Kanter notes that there’s no technical reason not to use SSE on the PC—no need for additional mathematical precision, no justifiable requirement for x87 backward compatibility among remotely modern CPUs, no apparent technical barrier whatsoever.  In fact, as he points out, Nvidia has PhysX layers that run on game consoles using the PowerPC’s AltiVec instructions, which are very similar to SSE.  Kanter even expects using SSE would ease development: "In the case of PhysX on the CPU, there are no significant extra costs (and frankly supporting SSE is easier than x87 anyway)."

So even single-threaded PhysX code could be roughly twice as fast as it is with very little extra effort.

Between the lack of multithreading and the predominance of x87 instructions, the PC version of Nvidia’s PhysX middleware would seem to be, at best, extremely poorly optimized, and at worst, made slow through willful neglect.  Nvidia, of course, is free to engage in such neglect, but there are consequences to be paid for doing so.  Here’s how Kanter sums it up:

The bottom line is that Nvidia is free to hobble PhysX on the CPU by using single threaded x87 code if they wish. That choice, however, does not benefit developers or consumers though, and casts substantial doubts on the purported performance advantages of running PhysX on a GPU, rather than a CPU.

Indeed.  The PhysX logo is intended as a selling point for games taking full advantage of Nvidia hardware, but it now may take on a stronger meaning: intentionally slow on everything else.

Comments closed
      • Shining Arcanine
      • 9 years ago

      The follow-up article suggests that such optimizations would change the view that CPUs are deficient, and that the view that CPUs are deficit are the direct result of a lack of such “optimizations”, but honestly, a factor of 2 speed up is not very impressive. Even if they could do a factor of 3, that will be it and there is not much more that can be done. There is no conspiracy here, but it seems like people are anxious to say that there is one. :/

    • PopcornMachine
    • 9 years ago

    I guess they need this kind of edge since they can’t make decent hardware.

    • RealPjotr
    • 9 years ago

    I try again since I only got ignorant ansewrs the first time: Does anyone know how many times faster the nVidia PhysX is on a GPU compared to the x87 code?

    We can estimate use of SSE and multi-cores to be roughly 5x-10x faster than x87 code. Does that beat GPU PhysX or is it still light years behind!?

    • Wintermane
    • 9 years ago

    Why in flaming donky dingos would anyone sane have allowed hector ruinz near a ceo seat on thier company?

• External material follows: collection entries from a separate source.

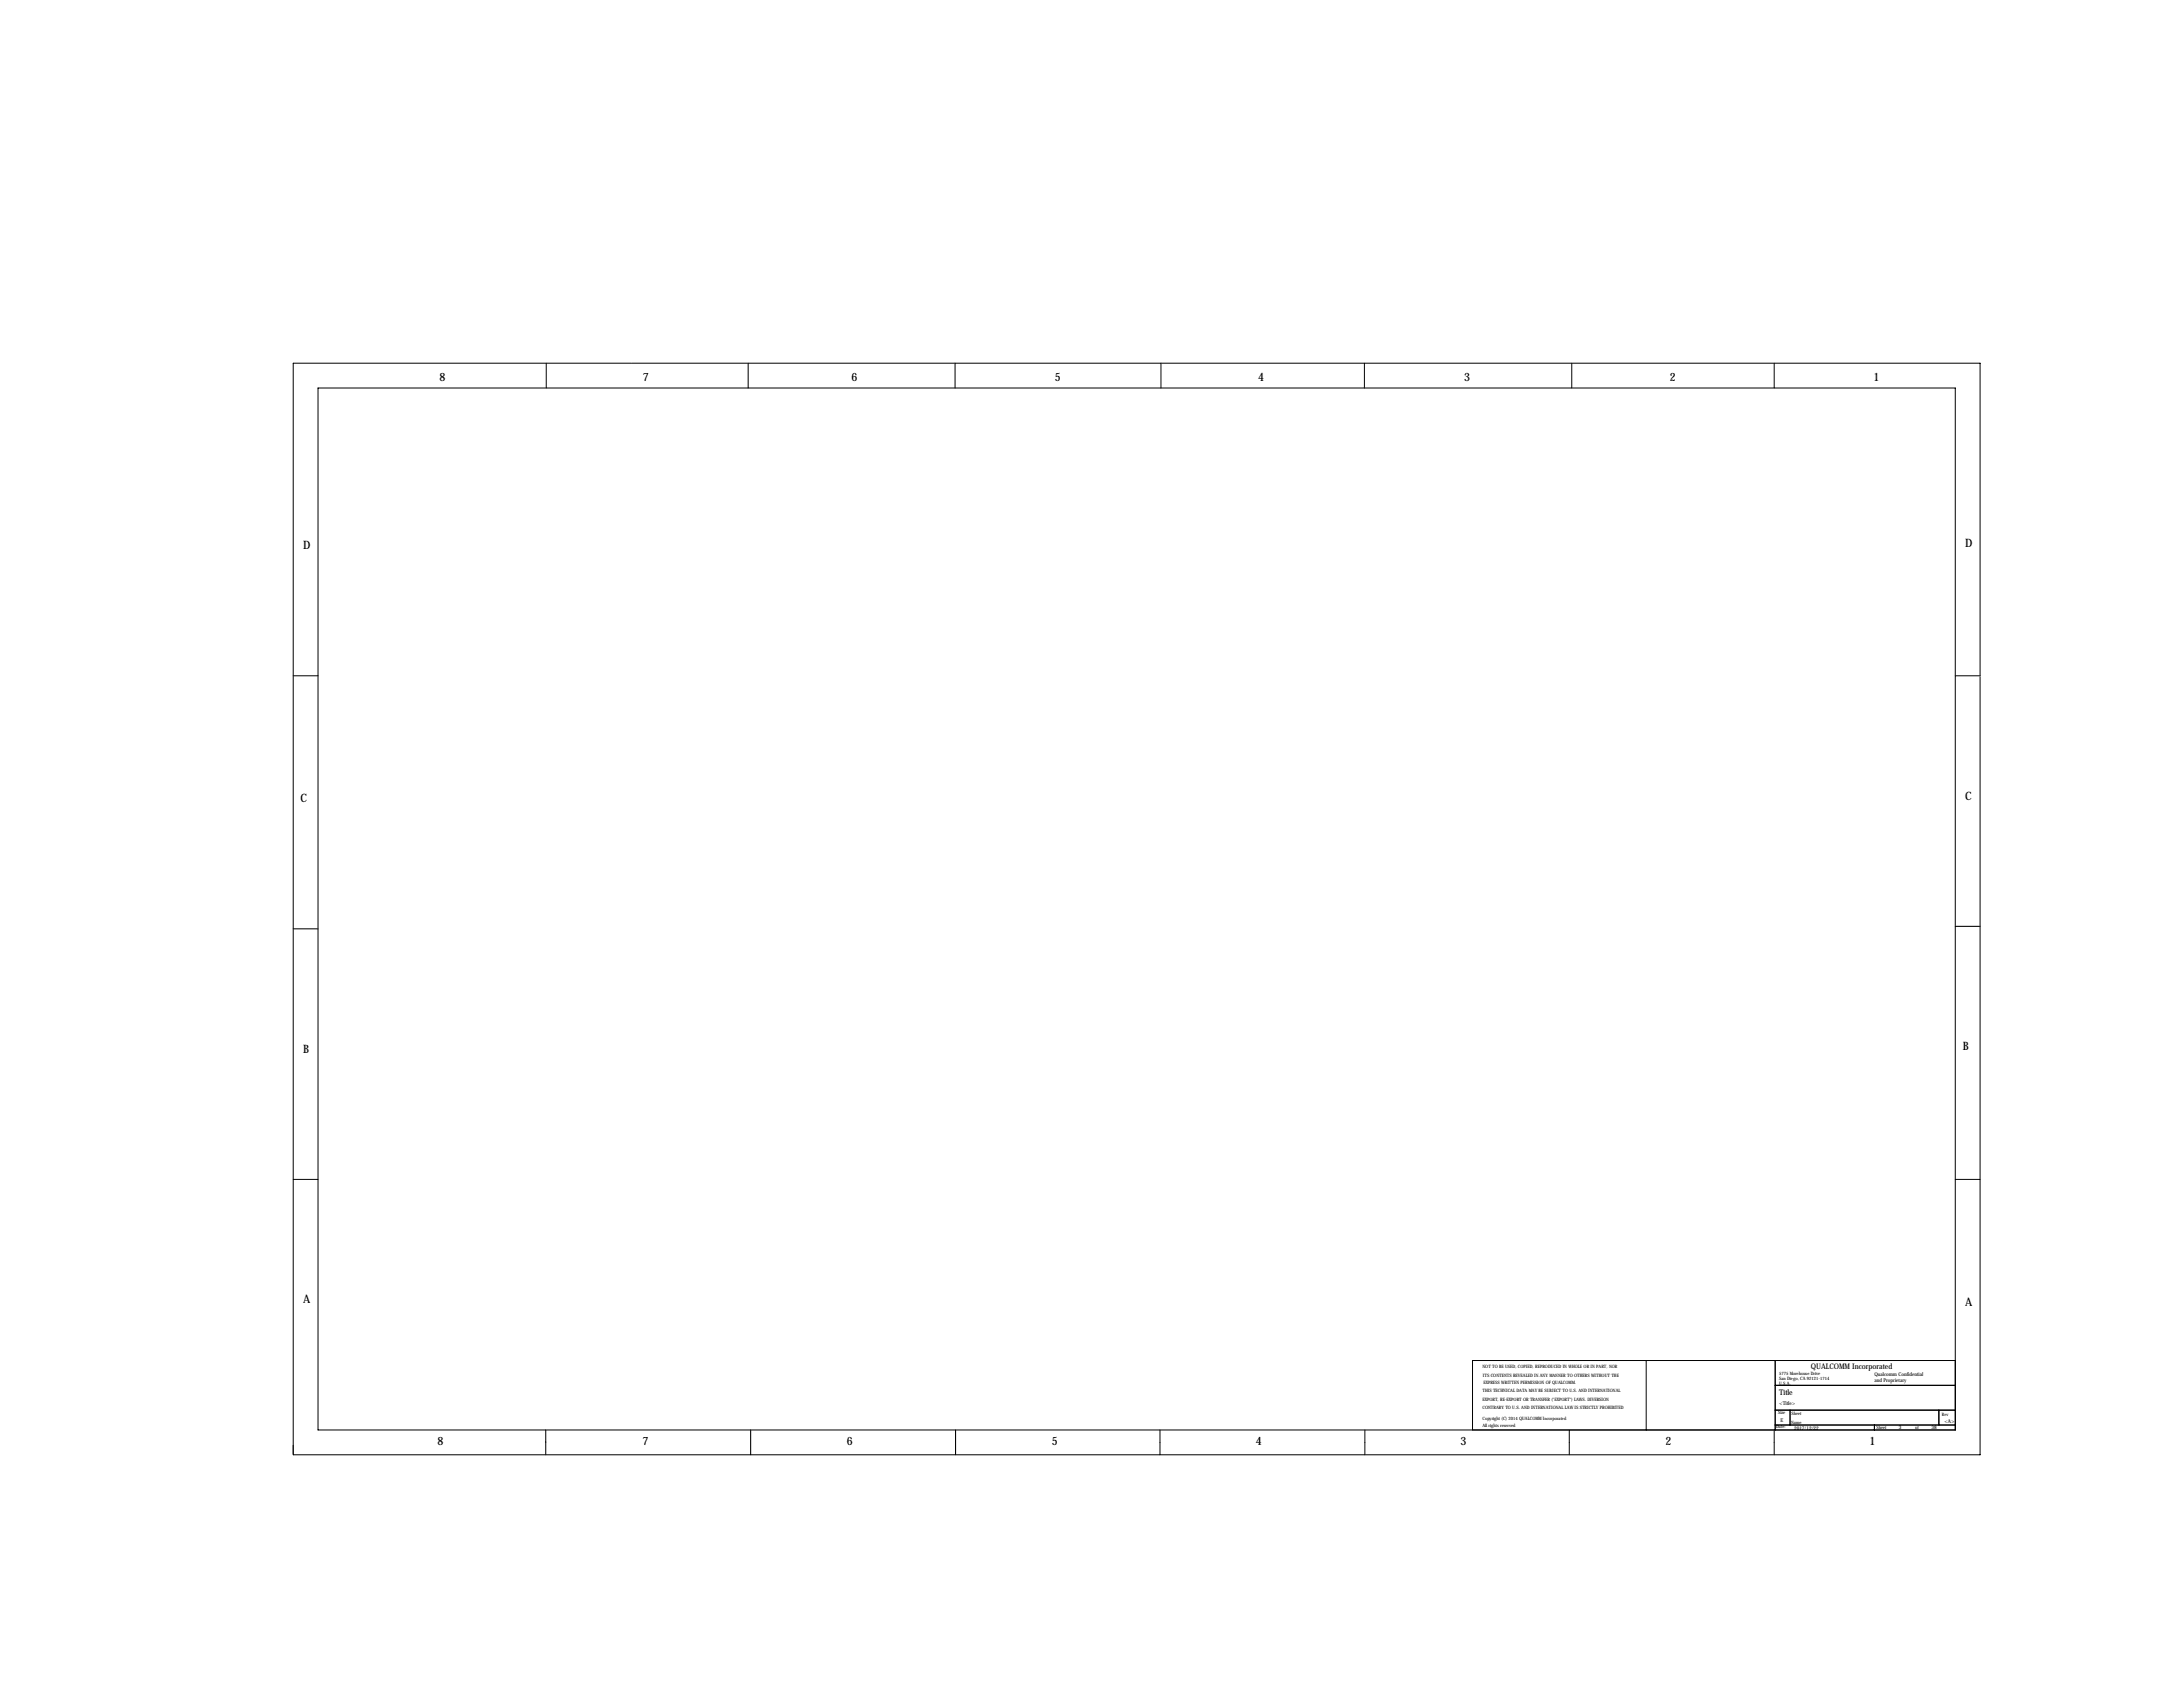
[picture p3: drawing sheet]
<svg xmlns="http://www.w3.org/2000/svg" width="1118mm" height="864mm" viewBox="0 0 1118 864" stroke-linecap="round" stroke-linejoin="round" font-family="sans-serif">
<defs><g id="words">
<g font-size="5.9">
<text x="225" y="195">8</text>
<text x="329" y="195">7</text>
<text x="436" y="195">6</text>
<text x="540" y="195">5</text>
<text x="644" y="195">4</text>
<text x="750" y="195">3</text>
<text x="855" y="195">2</text>
<text x="959" y="195">1</text>
<text x="155" y="281">D</text>
<text x="1006" y="280">D</text>
<text x="154" y="411">C</text>
<text x="1006" y="409">C</text>
<text x="155" y="539">B</text>
<text x="1005" y="538">B</text>
<text x="155" y="667">A</text>
<text x="1006" y="669">A</text>
<text x="224" y="740">8</text>
<text x="329" y="740">7</text>
<text x="434" y="740">6</text>
<text x="538" y="740">5</text>
<text x="643" y="740">4</text>
<text x="748" y="740">3</text>
<text x="853" y="740">2</text>
<text x="957" y="740">1</text>
</g>
<g font-size="4">
<text x="927" y="701">QUALCOMM Incorporated</text>
<text x="911" y="714">Title</text>
</g>
<g font-size="2.6">
<text x="960" y="708">and Proprietary</text>
<text x="960" y="705">Qualcomm Confidential</text>
<text x="911" y="719">&lt;Title&gt;</text>
<text x="912" y="728">E</text>
<text x="972" y="732">3</text>
<text x="989" y="732">38</text>
<text x="995" y="728">&lt;A&gt;</text>
<text x="918" y="732">2017/12/22</text>
</g>
<g font-size="2.3">
<text x="759" y="700">NOT TO BE USED, COPIED, REPRODUCED IN W</text>
<text x="805" y="700">HOLE OR IN PART, NOR</text>
<text x="759" y="705">ITS CONTENTS REVEALED IN ANY MANNER TO OTHERS W</text>
<text x="816" y="705">ITHOUT THE</text>
<text x="911" y="704">5775 Morehouse Drive</text>
<text x="911" y="706">San Diego, CA 92121-1714</text>
<text x="759" y="713">THIS TECHNICAL DATA MAY BE SUBJECT TO U.S. AND INTERNATIONAL</text>
<text x="759" y="709">EXPRESS W</text>
<text x="770" y="709">RITTEN PERMISSION OF QUALCOMM.</text>
<text x="911" y="709">U.S.A.</text>
<text x="759" y="717">EXPORT, RE-EXPORT OR TRANSFER (&quot;EXPORT&quot;) LAW</text>
<text x="810" y="717">S. DIVERSION</text>
<text x="759" y="721">CONTRARY TO U.S. AND INTERNATIONAL LAWIS STRICTLY PROHIBITED</text>
<text x="910" y="724">Size</text>
<text x="917" y="724">Sheet</text>
<text x="994" y="725">Rev</text>
<text x="759" y="727">Copyright (C) 2014 QUALCOMM Incorporated</text>
<text x="759" y="730">All rights reserved</text>
<text x="909" y="731">Date:</text>
<text x="917" y="729">Name</text>
<text x="961" y="732">Sheet</text>
<text x="980" y="732">of</text>
</g>
</g></defs>
<g fill="none" stroke="#000" stroke-width=".51">
<path d="M163 199h838v533h-838zM280 186v13M323 186h-173v559h864v-399M323 186h691v160h-13M383 186v13M489 186v13M594 186v13M698 186v13M805 186v13M908 186v13M150 346h13M150 475h13"/>
<path d="M1001 474h13M150 604h13M1001 604h13M843 696v36M909 696v36M1001 696h-247v36M909 709h92M279 732v13M384 732v13M489 732v13M594 732v13M699 732v13"/>
<path d="M803 732v13M908 732v13M909 729h92M909 722h92M916 722v7M960 729v3M993 722v7"/>
</g>
<use href="#words"/>
</svg>

    And again its just to show what it looks like its not an option ment to actauly PLAY. Why would they waste time optimizingf the code path when that would STILL result in something you can only watch and not play?

    • ronch
    • 9 years ago

    Obviously, the use of ancient x87 instructions on modern, multi-core, 128-bit SIMD CPU architectures is to make PCs with no Nvidia GPU to use x87 and make it look bad.

    • blubje
    • 9 years ago

    Wow, 2 pages of the exact same comment. I don’t disagree, but I think “the CPU might be as fast as the GPU” is a rather uneducated conclusion. It definitely depends on the application, but most physics calculations, as mimicking the real world (where interactions are local) can be parallelized very well.

      • Shining Arcanine
      • 9 years ago

      Actually, real world physics calculations cannot be parallelized well. A professor of mine that attended an 8 hour conference on the topic of physics in games summarized his experience there by saying that the conference went over how physics was supposed to be done, but then said that it was too computationally expensive, and then spent the remaining 8 hours talking about ways of cheating at doing it, so that things look real, but are not actually real.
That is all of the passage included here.